Le caïd des Cherarbas et ses cavaliers nous ont quittés à la limite de leur territoire, et le chef de la région où nous sommes n'est pas venu à notre rencontre, ce qui est bien extraordinaire. Pour la première fois, nous voici sans escorte, seuls.

Avec les mules abattues, avec les gens embourbés dans la terre glaise, notre colonne, à la débandade, a bien une lieue de long maintenant. Et que faire? où nous arrêter? où nous remiser? où trouver un abri quelconque, dans ce pays sans maisons, sans arbres, où il n'y a pas même une hutte où l'on consentirait à nous recevoir?

En cet état, nous croisons une colonne au moins aussi nombreuse que la nôtre: d'abord des cavaliers, et, derrière eux, des chameaux portant une quantité de femmes voilées et de bagages. C'est, paraît-il, le train de voyage d'un caïd d'une province éloignée, qui revient de faire visite au sultan. Ces gens-là sont, comme nous, en détresse dans la terre grasse et glissante.

Enfin, voici le chef retardataire qui arrive au-devant de nous avec sa troupe. Il s'excuse beaucoup, il était à poursuivre trois brigands zemours très redoutés dans le pays; il les a capturés avec leurs chevaux. Ils sont maintenant ligotés en lieu sûr, dans sa maison, d'où ils seront conduits à Fez pour y être mis au supplice du sel, comme la loi le commande.

Tandis que nous continuons à grimper très péniblement sous la pluie, avec des glissades et des chutes, dans ces affreuses petites vallées toutes pareilles aux parois de terre grise, je me fais conter en détail ce supplice du sel, qui est de tradition fort ancienne.

Voici, c'est le barbier du sultan qui en est chargé. Dans un lieu public, sur la place du marché de préférence, on lui amène le coupable, garrotté solidement. Avec un rasoir, il lui taille à l'intérieur de chaque main, dans le sens de la longueur, quatre fentes jusqu'à l'os. En étendant la paume, il fait ensuite bâiller le plus possible les lèvres de ces coupures saignantes, et les remplit de sel. Puis il referme la main ainsi déchiquetée, introduit le bout de chaque doigt replié dans chacune des fentes, et, pour que cet arrangement atroce dure jusqu'à la mort, coud par-dessus le tout une sorte de gant bien serré, en peau de bœuf mouillée qui se rétrécira encore en séchant. La couture achevée, on ramène le supplicié dans son cachot, où, par exception, on lui donne à manger, pour que cela dure. Dès le premier moment, en plus de la souffrance sans nom, il a cette angoisse de se dire que ce gant horrible ne sera jamais retiré, que ses doigts engourdis dans la plaie vive n'en sortiront jamais, que personne au monde n'aura pitié de lui, que ni jour ni nuit il n'y aura trêve à ses crispations ni à ses hurlements de douleur.—Mais le plus effroyable, à ce qu'il paraît, ne survient que quelques jours plus tard,—quand les ongles, poussant au travers de la main, entrent toujours plus avant dans cette chair fendue... Alors, la fin est proche: les uns meurent du tétanos, les autres parviennent à se briser la tête contre les murs...

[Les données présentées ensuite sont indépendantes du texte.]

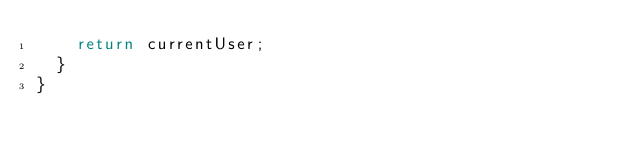<code> <loc_0><loc_0><loc_500><loc_500><_TypeScript_>    return currentUser;
  }
}
</code>

Je prie instamment les personnes à théories humanitaires toutes faites au coin de leur feu de ne point crier à la cruauté marocaine. D'abord je leur ferai remarquer qu'ici, au Moghreb, nous sommes encore en plein moyen âge, et Dieu sait si notre moyen âge européen avait l'imagination inventive en fait de supplices. Ensuite les Marocains, de même que tous les hommes restés primitifs, sont loin d'avoir notre degré de sensibilité nerveuse, et, comme d'ailleurs ils dédaignent absolument la mort, notre simple guillotine serait à leurs yeux un châtiment tout à fait anodin qui n'arrêterait personne. Dans un pays où les voyages sont si longs et les routes nullement gardées, on ne peut en vouloir à ce peuple d'avoir introduit dans son code quelque chose qui donne un peu à réfléchir aux pirates des montagnes.


A force de monter, nous atteignons les sommets de cette chaîne et, dans une éclaircie entre deux grains, la plaine d'au delà nous apparaît en profondeur sous nos pieds, bien moins grande que celle du Sebou, mais merveilleusement fertile et très cultivée; une sorte de cirque intérieur, bordé là-bas de montagnes où il nous faudra camper demain soir et qui sont beaucoup plus élevées que celles que nous venons de gravir.

A mi-côte, sur le versant où nous allons maintenant descendre, un village est perché: une centaine de huttes de chaume avec clôtures de cactus, groupées autour d'une vieille construction mauresque qui est en même temps la citadelle et la demeure du caïd. Pas plus d'arbres que précédemment, dans cette nouvelle région; rien que les oliviers et les orangers d'un jardin mystérieux qu'enferment les murs de la petite forteresse.